Sean’s pulses are thin, wiry and a bit floating, indicating a relative excess of yang that needs to be better rooted by yin. Excuse me? Ahhh…perhaps a bit of explanation is needed. Based on the Taoist philosophy of the fundamental duality of nature, Chinese medicine is a 4,000-year-old system that attempts to improve and maintain health by restoring harmony to the body, mind and spirit. This,
in turn, allows the person to self-heal on all three of those levels. Acupuncture, herbs, acupressure, chi kung (a system of breathing and gentle exercise; see “Say Chi,” POZ, March 1998) and dietary therapy are all used in the healing process. Many PWAs have found that these approaches can complement their Western drug regimens, thus countering medication side effects, improving energy and relieving many symptoms.
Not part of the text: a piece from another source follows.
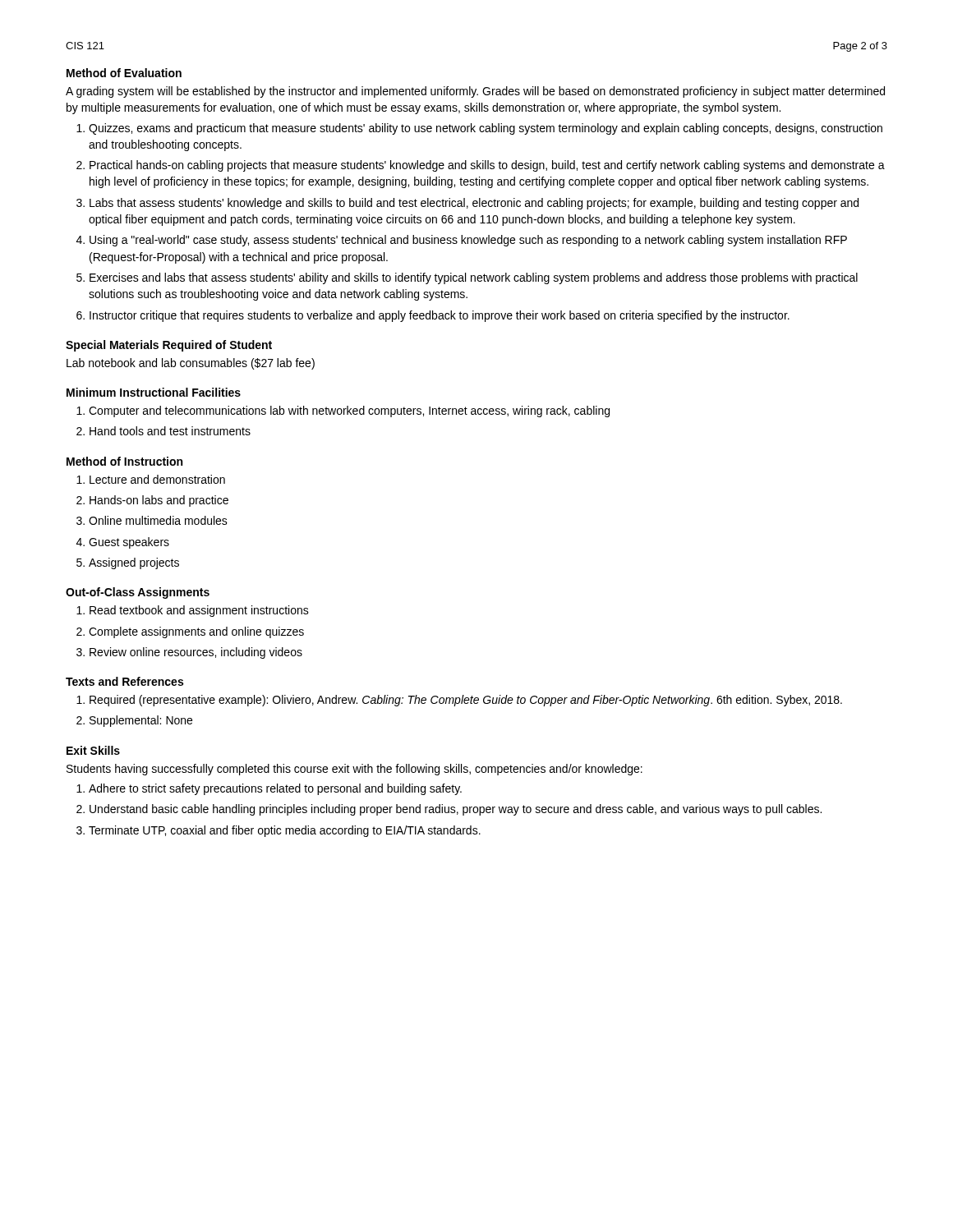953x1232 pixels.
Task: Locate the text "Hands-on labs and practice"
Action: (x=159, y=500)

The focus is on restoring balance between the opposing but complementary forces of yin and yang. While both are complex, a simple explanation is that yin represents the body’s anabolic or repair functions, as well as cooling energy, while yang symbolizes metabolism—the breakdown of food into energy—and “fiery” or aggressive energy. A healthy person is in balance between yin and yang, while someone in ill health has a relative deficiency or excess of one of these. Although each individual is different, many practitioners have observed that PWAs tend to have a relative excess of yang.

Thus, assessing yin and yang is the starting point for a Chinese medical diagnosis. In Sean’s case, as with all new patients, this began with a very complete history: Chief complaints (why he came to see me), secondary complaints, past health history and specifics about digestion, diet, respiratory function, sleep, energy, pain, emotional balance, work, exercise and habits. For a female patient, I would also ask about gynecological issues. The next step was doing an abdominal palpation and assessing muscle-tissue tightness or congestion. Accompanying this was a visual observation—checking the complexion, observing the general demeanor and doing a careful assessment of the tongue.
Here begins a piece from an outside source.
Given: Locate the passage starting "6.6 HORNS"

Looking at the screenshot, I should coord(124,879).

Finally, I took Sean’s pulses—yes, that’s meant to be plural: Chinese medicine holds that pulses at each of 12 sites (six on each wrist) can indicate the level of vital energy flowing from particular organs or areas of the body. And the overall feel of the pulses can shed light on systemic health. Placing three fingers on the radial artery at each wrist, I felt for Sean’s pulse qualities, and then checked the pulse at the site under each of the three fingers used. The wiriness of Sean’s pulses, somewhat like a guitar string, is a general indicator of some kind of tension. This type of pulse is often related to liver stagnation. Sean’s pulses were also a little fast, and slightly superficial or “floating”—meaning that they are easier to feel on the surface, near the skin.

Given Sean’s overall situation, this combination of floating and speediness suggests a relative excess of yang due to a  moderate deficiency of yin. This appears to be reflected in Sean’s tendency to wake up in the night, his night sweats (recently improved), his low-grade anxiety, and his dry mouth and skin—all typical of deficient yin.
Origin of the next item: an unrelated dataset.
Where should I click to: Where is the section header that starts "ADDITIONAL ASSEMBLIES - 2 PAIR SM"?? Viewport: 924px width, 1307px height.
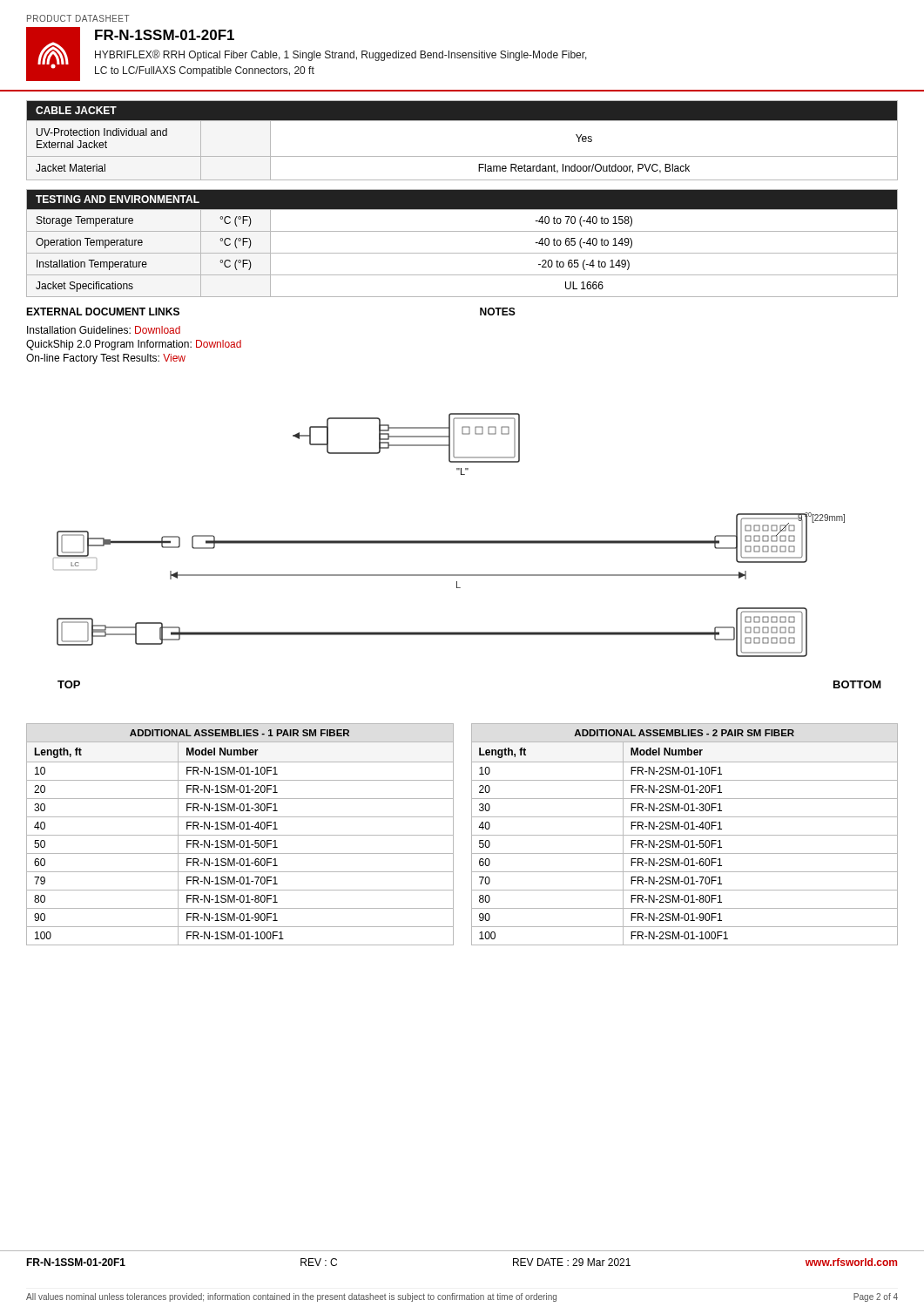(684, 733)

These symptoms—and deficient yin itself—are often the product of a chronic disease process, overwork and continued use of medications, all of which Sean has experienced in recent years. Sean has also long suffered from esophageal reflux (acid backing up into the throat), which has been improved by the acid-inhibiting drug Prilosec. I consider this type of overacidity a form of excess yang. The Chinese approach to this would be to reduce heat with an appropriate herbal formula, perhaps the Left Metal Pill or the Ophiopogon Drink. Acupuncture might also help resolve this problem, as well as improving the mild, drug-induced neuropathy in Sean’s feet.

My initial acupuncture treatment for Sean was intended to begin to restore balance, particularly emphasizing the kidneys—considered the body’s source of yin and yang. I also strongly encouraged Sean to resume a regular regimen of nutrient supplements (see “Power Nutrients,” POZ, July 1998).

Overall, it appears that Sean has come back from severe illness to a point of much better balance. Chinese medicine might be able to consolidate this, and direct him toward even greater harmony and health.